What is needed, therefore, are systems for automating the control of electronic actors which require minimal human effort to use and which are capable of producing a variety of actions based on the same human input.

SUMMARY

Computer-implemented systems and methods use a story to automatically control and coordinate electronic actors. The story may be written in a natural language (e.g., English), rather than a programming language or other language designed specifically to control machines. Embodiments of the present invention may parse the story into a script and generate cue signals based on the story. The cue signals are provided to the electronic actor(s), which may perform actions based on their interpretations of those cue signals. As a result, the story, the script, and the cue signals issued to the electronic actors do not deterministically dictate the actions performed by the electronic actors.

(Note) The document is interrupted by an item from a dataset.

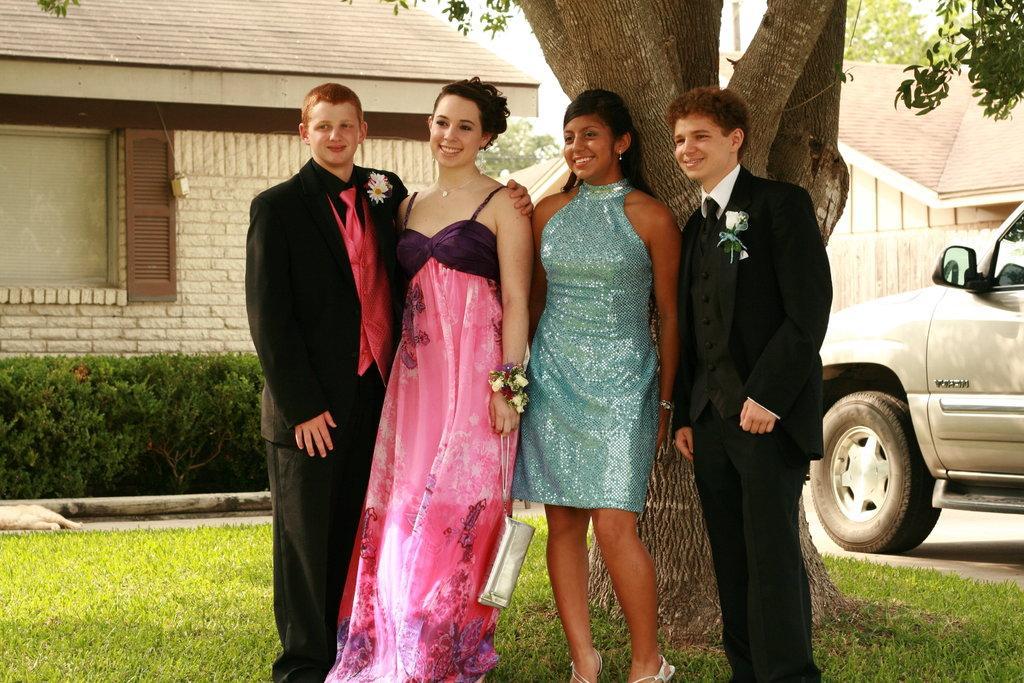Can you describe this image briefly? In this image I can see grass ground and on it I can see four persons are standing, I can see smile on their faces. On the extreme left and on the extreme right side I can see two of them are wearing black colour dress and in the centre I can see one of them is holding a bag. In the background I can see few buildings, few trees, few plants and on the right side of this image I can see a vehicle. 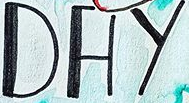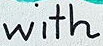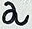Read the text from these images in sequence, separated by a semicolon. DAY; with; a

Other features and advantages of various aspects and embodiments of the present invention will become apparent from the following description and from the claims.

BRIEF DESCRIPTION OF THE DRAWINGS

FIG. 1 is a diagram of a computer-implemented system for using a story to automatically control one or more electronic actors according to one embodiment of the present invention.

FIG. 2 is a flowchart of a method performed by the system of FIG. 1 according to one embodiment of the present invention. FIG. 3 is a diagram of a system for loading a script according to one embodiment of the present invention.

FIG. 4 is a diagram of a system for playing (executing) a script according to one embodiment of the present invention.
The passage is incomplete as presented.